Morreu esta semana o poeta chileno Nicanor Parra, aos cento e três anos. Poeta e matemático, posicionou-se com Antipoemas (1955) como o anti-Neruda, enveredando por uma poesia discursiva e narrativa e que evita a metáfora.

Cheguei ao poeta chileno por causa de uma dedicatória de Fernando Assis Pacheco, que lhe chamava «meu mestre».

Nicanor – irmão da cantora Violeta Parra e do artista de circo Óscar Parra, conhecido como el Tony Canarito – foi Prémio Cervantes de 2011.

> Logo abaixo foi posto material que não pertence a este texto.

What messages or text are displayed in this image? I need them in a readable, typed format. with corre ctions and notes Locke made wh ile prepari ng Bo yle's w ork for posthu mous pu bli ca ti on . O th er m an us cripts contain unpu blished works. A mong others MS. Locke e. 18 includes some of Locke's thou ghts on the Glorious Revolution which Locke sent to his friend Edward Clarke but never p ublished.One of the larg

Dele fiz a tradução de dúzia e meia de poemas, aqui deixo a sua VIAGEM PELO INFERNO:

 

Numa sela de montar /fiz uma viagem pelo Inferno. //No primeiro círculo vi umas figuras/ placidamente recostadas/ a uns sacos de trigo.// No segundo círculo borboleteavam homens em bicicleta, / à rasca, sem saber onde apear-se/ – pois estavam bravas as chamas!// No terceiro círculo reparei / numa só figura humana/ que parecia hermafrodita.// Era criatura sarmentosa/ e dava de comer aos corvos. //Trotando e galopando queimei/ um intervalo de várias horas/ até ter chegado a uma cabana/ no interior de um bosque/ onde vivia uma bruxa. // Sacrista do cão,/ foi por um triz! // Já no círculo número quatro/ topei um ancião de longas barbas,/ calvo como um sandeu/ que montava um pequeno barco / no interior de uma garrafa. / Que afável o seu olhar! // No círculo número cinco vi / uns jovens estudantes jogando futebol / araucano com uma bola de trapos. / Fazia um frio de rachar. // Tive de passar a noite em claro / num cemitério, encostado/ a uma tumba / para não morrer de frio.// No dia seguinte continuei a minha viagem por uns cerros/ e vi pela primeira vez os esqueletos/ das árvores incendiadas por turistas. // Só restavam dois círculos./ No primeiro lá estava eu / sentado a uma mesa negra. / Lambuzava-me com um passarinho/ e a minha única companhia/ era um candeeiro a petróleo.// No círculo número sete não vi/ absolutamente nada, só me chegaram ruídos/ estranhos e uns risos espantosos/ enleados nuns miados, suspiros/ profundos, que perfuravam a alma.